» Task directions
Apart from the pictures, which must be omitted, restate the data exactly.
─── Materials provided
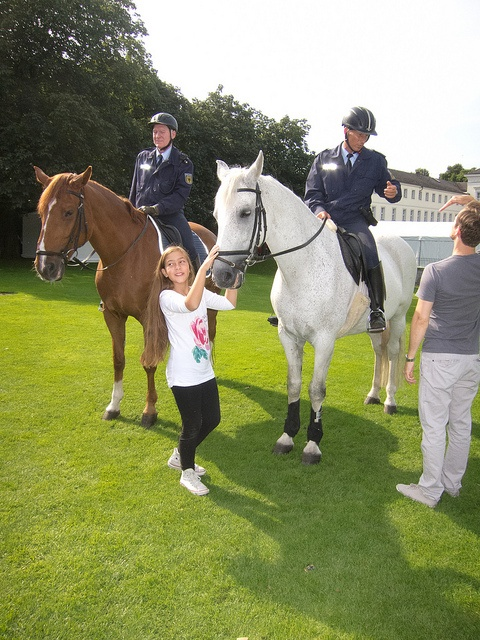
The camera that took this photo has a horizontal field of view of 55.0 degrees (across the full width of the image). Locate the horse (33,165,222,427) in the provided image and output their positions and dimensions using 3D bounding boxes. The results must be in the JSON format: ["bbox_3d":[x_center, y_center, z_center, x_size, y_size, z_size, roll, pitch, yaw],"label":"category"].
[{"bbox_3d":[-1.072,-0.181,5.411,0.724,2.577,2.972,6,7,26],"label":"horse"}]

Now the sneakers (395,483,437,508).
[{"bbox_3d":[1.330,1.310,3.520,0.099,0.119,0.283,-16,42,-43],"label":"sneakers"}]

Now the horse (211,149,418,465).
[{"bbox_3d":[0.902,0.005,4.496,2.693,2.589,0.807,-7,11,-39],"label":"horse"}]

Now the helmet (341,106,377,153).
[{"bbox_3d":[1.097,-1.796,4.365,0.284,0.347,0.376,3,8,1],"label":"helmet"}]

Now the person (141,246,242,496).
[{"bbox_3d":[-0.347,0.365,3.444,0.503,1.826,0.826,-5,10,-43],"label":"person"}]

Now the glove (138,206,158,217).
[{"bbox_3d":[-1.000,-1.213,5.106,0.150,0.081,0.117,25,17,30],"label":"glove"}]

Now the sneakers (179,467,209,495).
[{"bbox_3d":[-0.353,1.185,3.507,0.100,0.145,0.285,-9,13,-39],"label":"sneakers"}]

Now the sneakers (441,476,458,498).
[{"bbox_3d":[1.633,1.280,3.636,0.102,0.207,0.159,-1,-7,15],"label":"sneakers"}]

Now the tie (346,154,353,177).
[{"bbox_3d":[1.083,-1.532,4.585,0.041,0.203,0.055,4,3,15],"label":"tie"}]

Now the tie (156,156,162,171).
[{"bbox_3d":[-0.937,-1.831,5.390,0.067,0.132,0.031,10,3,28],"label":"tie"}]

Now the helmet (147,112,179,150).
[{"bbox_3d":[-0.842,-2.126,5.257,0.301,0.449,0.388,5,9,16],"label":"helmet"}]
──────
» Written answer
The camera that took this photo has a horizontal field of view of 55.0 degrees (across the full width of the image). Locate the horse (33,165,222,427) in the provided image and output their positions and dimensions using 3D bounding boxes. The results must be in the JSON format: ["bbox_3d":[x_center, y_center, z_center, x_size, y_size, z_size, roll, pitch, yaw],"label":"category"].
[{"bbox_3d":[-1.072,-0.181,5.411,0.724,2.577,2.972,6,7,26],"label":"horse"}]

Now the sneakers (395,483,437,508).
[{"bbox_3d":[1.330,1.310,3.520,0.099,0.119,0.283,-16,42,-43],"label":"sneakers"}]

Now the horse (211,149,418,465).
[{"bbox_3d":[0.902,0.005,4.496,2.693,2.589,0.807,-7,11,-39],"label":"horse"}]

Now the helmet (341,106,377,153).
[{"bbox_3d":[1.097,-1.796,4.365,0.284,0.347,0.376,3,8,1],"label":"helmet"}]

Now the person (141,246,242,496).
[{"bbox_3d":[-0.347,0.365,3.444,0.503,1.826,0.826,-5,10,-43],"label":"person"}]

Now the glove (138,206,158,217).
[{"bbox_3d":[-1.000,-1.213,5.106,0.150,0.081,0.117,25,17,30],"label":"glove"}]

Now the sneakers (179,467,209,495).
[{"bbox_3d":[-0.353,1.185,3.507,0.100,0.145,0.285,-9,13,-39],"label":"sneakers"}]

Now the sneakers (441,476,458,498).
[{"bbox_3d":[1.633,1.280,3.636,0.102,0.207,0.159,-1,-7,15],"label":"sneakers"}]

Now the tie (346,154,353,177).
[{"bbox_3d":[1.083,-1.532,4.585,0.041,0.203,0.055,4,3,15],"label":"tie"}]

Now the tie (156,156,162,171).
[{"bbox_3d":[-0.937,-1.831,5.390,0.067,0.132,0.031,10,3,28],"label":"tie"}]

Now the helmet (147,112,179,150).
[{"bbox_3d":[-0.842,-2.126,5.257,0.301,0.449,0.388,5,9,16],"label":"helmet"}]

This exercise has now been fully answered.